Prompt:
After locating "text Voor : Het" in the listing below, copy that line and each one after it exactly, ending with the line that has "text Bedrijf : Van".

The input:
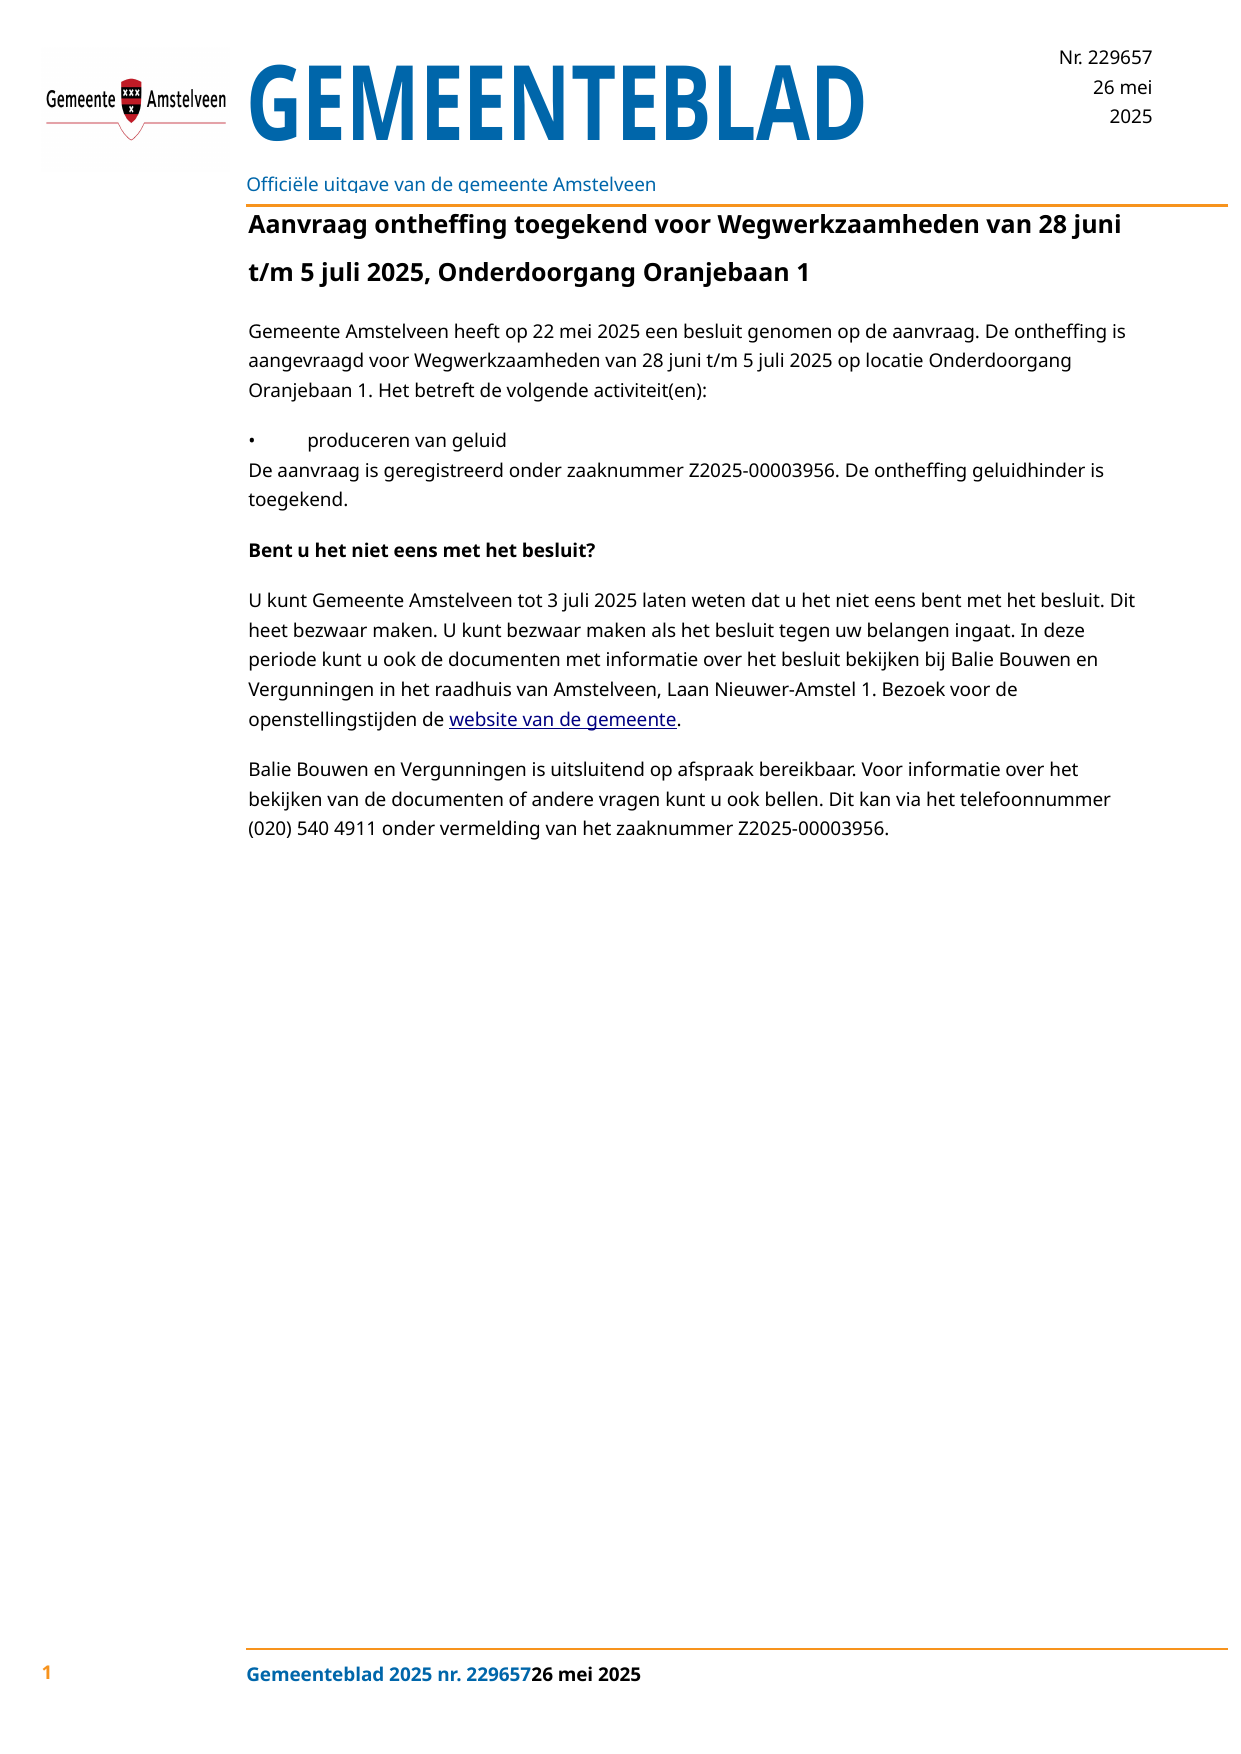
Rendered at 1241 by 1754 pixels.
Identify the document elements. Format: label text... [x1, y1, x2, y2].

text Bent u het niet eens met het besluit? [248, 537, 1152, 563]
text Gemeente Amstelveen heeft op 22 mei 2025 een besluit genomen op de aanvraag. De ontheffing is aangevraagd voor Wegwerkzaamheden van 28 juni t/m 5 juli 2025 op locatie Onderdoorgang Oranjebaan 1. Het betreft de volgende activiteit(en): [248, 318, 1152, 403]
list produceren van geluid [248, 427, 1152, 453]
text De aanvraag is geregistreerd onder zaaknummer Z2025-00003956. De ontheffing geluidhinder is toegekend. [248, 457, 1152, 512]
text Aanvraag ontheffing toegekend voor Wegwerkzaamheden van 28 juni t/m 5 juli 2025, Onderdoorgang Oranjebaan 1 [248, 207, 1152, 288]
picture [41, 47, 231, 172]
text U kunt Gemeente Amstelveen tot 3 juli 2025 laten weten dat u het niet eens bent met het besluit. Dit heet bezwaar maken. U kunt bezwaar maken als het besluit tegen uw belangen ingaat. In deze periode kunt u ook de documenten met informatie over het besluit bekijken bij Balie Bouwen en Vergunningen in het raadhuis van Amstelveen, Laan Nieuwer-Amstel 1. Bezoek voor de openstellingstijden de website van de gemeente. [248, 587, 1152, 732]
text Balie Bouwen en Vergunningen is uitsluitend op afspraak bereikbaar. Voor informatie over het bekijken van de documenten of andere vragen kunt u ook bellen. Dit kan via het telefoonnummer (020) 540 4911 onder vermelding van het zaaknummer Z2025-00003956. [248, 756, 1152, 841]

---

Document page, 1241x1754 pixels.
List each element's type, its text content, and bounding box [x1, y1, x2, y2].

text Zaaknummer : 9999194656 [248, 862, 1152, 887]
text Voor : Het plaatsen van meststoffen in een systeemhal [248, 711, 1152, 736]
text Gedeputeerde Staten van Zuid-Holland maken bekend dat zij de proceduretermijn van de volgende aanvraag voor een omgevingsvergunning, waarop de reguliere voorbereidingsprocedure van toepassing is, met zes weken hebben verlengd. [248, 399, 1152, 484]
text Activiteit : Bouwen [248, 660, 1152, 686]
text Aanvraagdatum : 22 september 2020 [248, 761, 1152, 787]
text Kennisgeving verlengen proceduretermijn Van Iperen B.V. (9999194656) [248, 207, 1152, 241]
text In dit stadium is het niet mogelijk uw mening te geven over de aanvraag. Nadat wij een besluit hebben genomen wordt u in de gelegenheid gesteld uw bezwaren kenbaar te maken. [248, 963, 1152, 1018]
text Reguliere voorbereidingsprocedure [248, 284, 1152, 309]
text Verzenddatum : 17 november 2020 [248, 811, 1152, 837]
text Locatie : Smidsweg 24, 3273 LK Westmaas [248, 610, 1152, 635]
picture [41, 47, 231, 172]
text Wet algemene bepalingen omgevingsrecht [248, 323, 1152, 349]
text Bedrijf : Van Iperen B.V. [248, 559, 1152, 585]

Response for this exercise:
text Voor : Het plaatsen van meststoffen in een systeemhal [248, 711, 1152, 736]
text Gedeputeerde Staten van Zuid-Holland maken bekend dat zij de proceduretermijn van de volgende aanvraag voor een omgevingsvergunning, waarop de reguliere voorbereidingsprocedure van toepassing is, met zes weken hebben verlengd. [248, 399, 1152, 484]
text Activiteit : Bouwen [248, 660, 1152, 686]
text Aanvraagdatum : 22 september 2020 [248, 761, 1152, 787]
text Kennisgeving verlengen proceduretermijn Van Iperen B.V. (9999194656) [248, 207, 1152, 241]
text In dit stadium is het niet mogelijk uw mening te geven over de aanvraag. Nadat wij een besluit hebben genomen wordt u in de gelegenheid gesteld uw bezwaren kenbaar te maken. [248, 963, 1152, 1018]
text Reguliere voorbereidingsprocedure [248, 284, 1152, 309]
text Verzenddatum : 17 november 2020 [248, 811, 1152, 837]
text Locatie : Smidsweg 24, 3273 LK Westmaas [248, 610, 1152, 635]
picture [41, 47, 231, 172]
text Wet algemene bepalingen omgevingsrecht [248, 323, 1152, 349]
text Bedrijf : Van Iperen B.V. [248, 559, 1152, 585]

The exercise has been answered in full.